Secondly, the Saudis did not send security forces, but sent regular troops as part of the old and established treaty named the Peninsula Shield, which comprises all six GCC countries.
Thirdly, Saudi troops did not go to crackdown on the protesters, but to defend an ally in the face of a coup orchestrated by dissidents who made the issue of reform a cover for implementing their agenda. I personally heard them with my own ears in Lulu Square calling for the downfall of the regime, and the same was explicitly stated by one of their leaders, Hassan Mushaima.
Fourthly, and further to all of the above, the Saudi government is not engaged in repression. If it did, we would have seen a revolution of rage in the streets of Riyadh and Jeddah, as we have seen in other Arab cities.
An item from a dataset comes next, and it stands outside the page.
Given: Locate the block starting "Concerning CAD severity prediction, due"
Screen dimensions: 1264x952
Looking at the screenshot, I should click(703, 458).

Once again, I am not defending Saudi Arabia, and there are a thousand ways to reform its security system, and to meet legitimate calls for reform (I have always maintained that the protesters in Bahrain have legitimate demands and objected only to the attempted coup d'état).
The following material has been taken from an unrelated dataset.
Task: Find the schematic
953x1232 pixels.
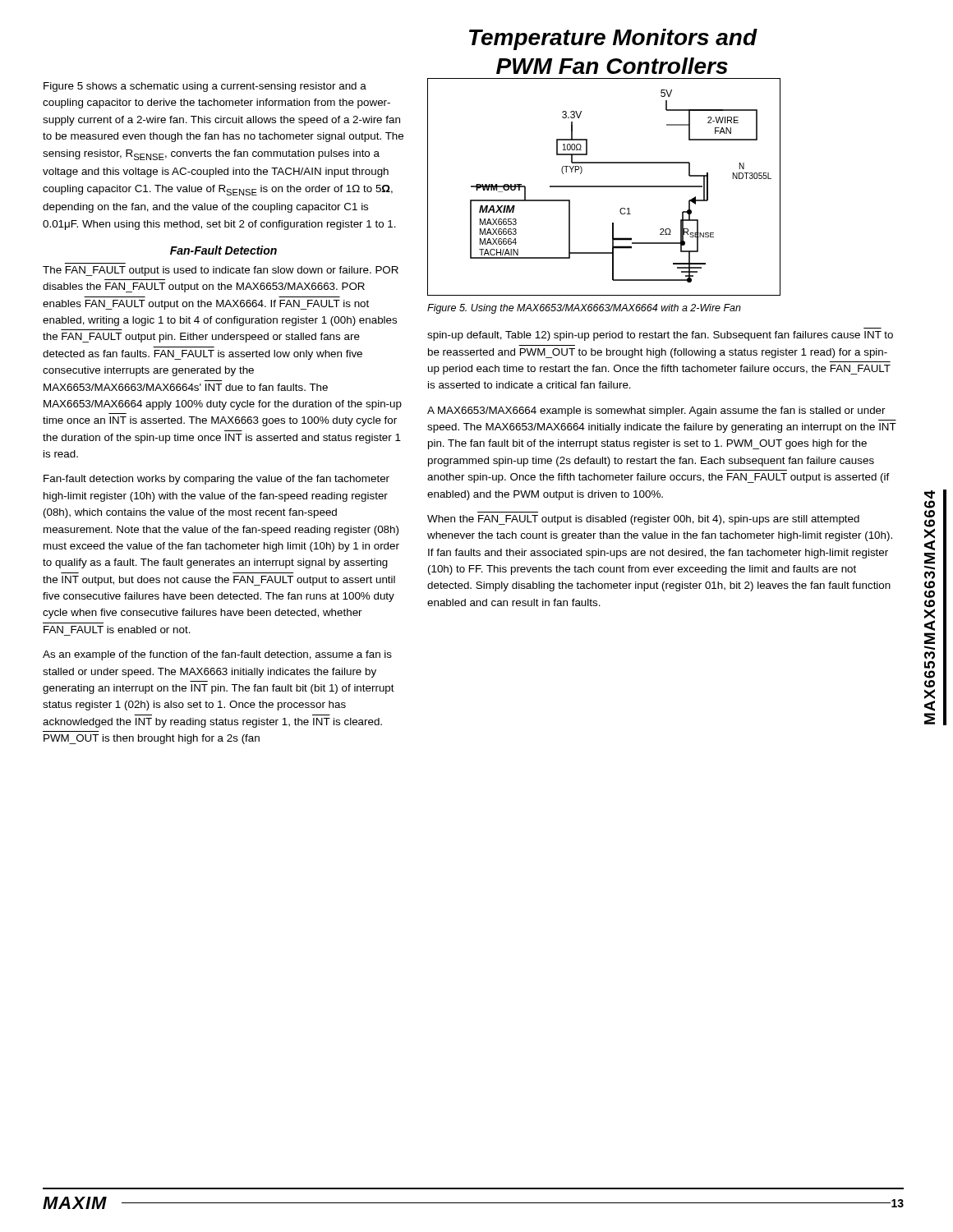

Personally, I prefer Western-style democracy over any other system. However, I am not talking here about my own preferences, but those of the Saudis. A majority of them is content with the current regime, and the opposition abroad is either opportunistic or one that seeks a hard-line religious regime.
Perhaps I would not have commented on William Dobson's piece, were it not for the fact that I read it against the background of an ongoing tumult, involving the arrest of the young Saudi woman Manal Sharif on ‘charges' of driving a car.
I don't see a Saudi woman driving here as a ‘charge', but as a right for her. There are many rights for Saudi women and Arab women that we want to see them enjoy. Personally, I find that the rights enjoyed by Arab women are incomplete, and I have maintained this position in my column whenever any pertinent topic was raised.
Since I read while others oppress women, or attempt to, I believe that there is news and many news on Saudi Arabia each day. And instead of taking interest in what is most important, we find some caring for no other issue than women driving cars. If these people would visit me in my office, I would show them the issues that they must endorse to defend their countries, in the face of false information and deliberate lies.
As I write, I am looking at a cartoon with the same bottom line as Dobson's article, published by the Christian Science Monitor, a moderate newspaper. The cartoon shows Obama giving a speech and saying: We support the people of Libya, Syria, Tunisia, Egypt, Bahrain & Yemen, as they rebel against their oppressive rulers. But along with the president, there is a huge elephant in the room wearing a sign that says: Saudi Arabia, the huge oil producing elephant in the room, standing above a screaming man.
They do not want to believe that the Saudi King is very popular, and that the absence of protests of any size is proof that there are limited demands. Moreover, the Saudi government is probably more liberal than its conservative people, and often enacts reforms that are opposed by many. It is not then a matter of a people demanding reforms that the government rejects.